What's missing from the picture in the first stack trace is the ModalContext
thread.  Main is waiting on the ModalContext, but the thread is missing.  I see
a couple of possibilities:

1. ModalContext somehow died without relinquising the lock (I don't see how that
could happen, but just throwing it out there
2. The stack trace is missing the thread.  Sometimes I find java stack dumps are
incomplete.  In this case it could be a duplicate of the problem in the second
stack dump.

We can tell from the stack trace that the ModalContext operation was almost
finished, because the main thread is processing asyncExec messages from the
FileDocumentProvider's resource change listener, which are fired at the end of
the operation.
Comment 10 Philipe Mulet CLA 2003-02-26 10:39:16 EST
If an exception occurs during #checkOut, the lock will be kept for ever.
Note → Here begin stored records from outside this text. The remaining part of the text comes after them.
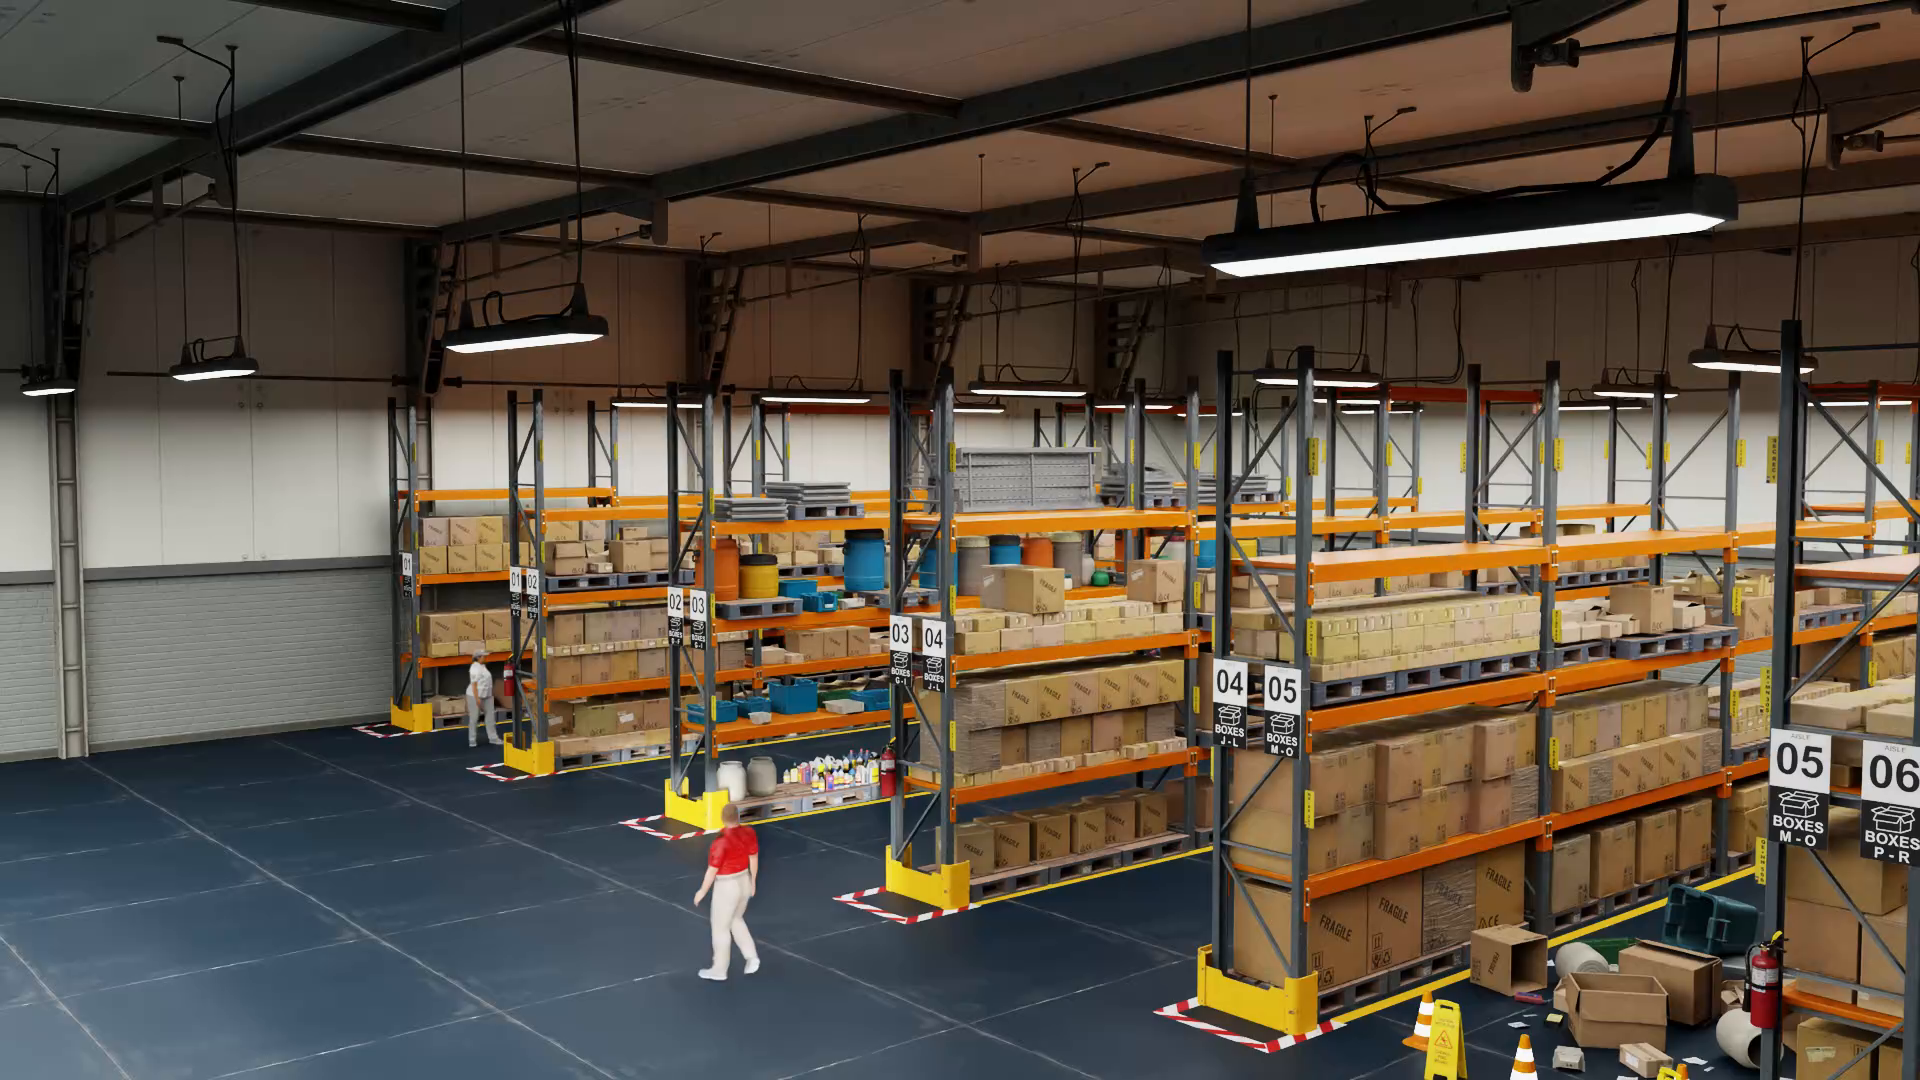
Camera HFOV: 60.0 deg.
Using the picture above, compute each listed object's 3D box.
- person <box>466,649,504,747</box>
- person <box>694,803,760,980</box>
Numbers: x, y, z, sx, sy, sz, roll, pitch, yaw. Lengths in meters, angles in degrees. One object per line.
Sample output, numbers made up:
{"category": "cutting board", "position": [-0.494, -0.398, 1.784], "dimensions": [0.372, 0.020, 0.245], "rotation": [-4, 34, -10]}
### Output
{"category": "person", "position": [-8.136, 2.687, 28.404], "dimensions": [0.556, 1.659, 0.542], "rotation": [1, 4, 24]}
{"category": "person", "position": [-2.244, 3.375, 16.014], "dimensions": [0.558, 1.739, 0.613], "rotation": [2, 4, 30]}

Comment 11 Nick Edgar CLA 2003-02-27 10:56:37 EST
Moving to VCM to consider whether this is likely a dup of bug 33243 based on 
the info above.
See also Philippe's last comment.
Comment 12 Michael Valenta CLA 2003-02-27 11:22:36 EST
No, this is not a dup of bug 33243. From the original stacktrace, it looks like 
the workspace lock was not released by the ModalContext thread when it shut 
down. Bug 33243 involves deadlock caused by the CVS lock which is absent from 
the original stachtrace. This is not to say that bug 33243 isn't responsible 
for surfacing this problem, just that it is not the same problem.
Comment 13 Nick Edgar CLA 2003-03-03 08:22:03 EST
I do not see how it's possible for the workspace lock to be not be released by 
the ModalContext thread.  If the background operation does a workspace 
operation, the operation should complete before the thread terminates.
Comment 14 John Arthorne CLA 2003-03-05 17:31:22 EST
Likely a duplicate of bug 33243.  We don't see anywhere that the lock can be
kept indefinitely after an operation has completed (outside of VM errors
occurring at unexpected times).  Closing.  Will reopen if this happens again.
Comment 15 Philipe Mulet CLA 2003-03-06 05:34:08 EST
Maybe paranoid, but shouldn't checkOut be protected against exception occurring 
inside ? What if some out of memory occurs, then the lock is never released.
Comment 16 John Arthorne CLA 2003-03-06 10:41:24 EST
We looked at it, but it's hard to be 100% safe in that code.  All this method
does is decrement the operation depth, and then release the lock if the depth is
zero.  If we fail with a VM error while decrementing the operation depth, or
while comparing the depth with zero, then we don't know whether the lock should
be released or not.  If we release the lock incorrectly while inside a nested
operation, we open ourselves up to other concurrency problems.  With a
significant rewrite it might be possible to make the method safer (i.e., avoid
object creations), but we weren't comfortable doing that at this stage.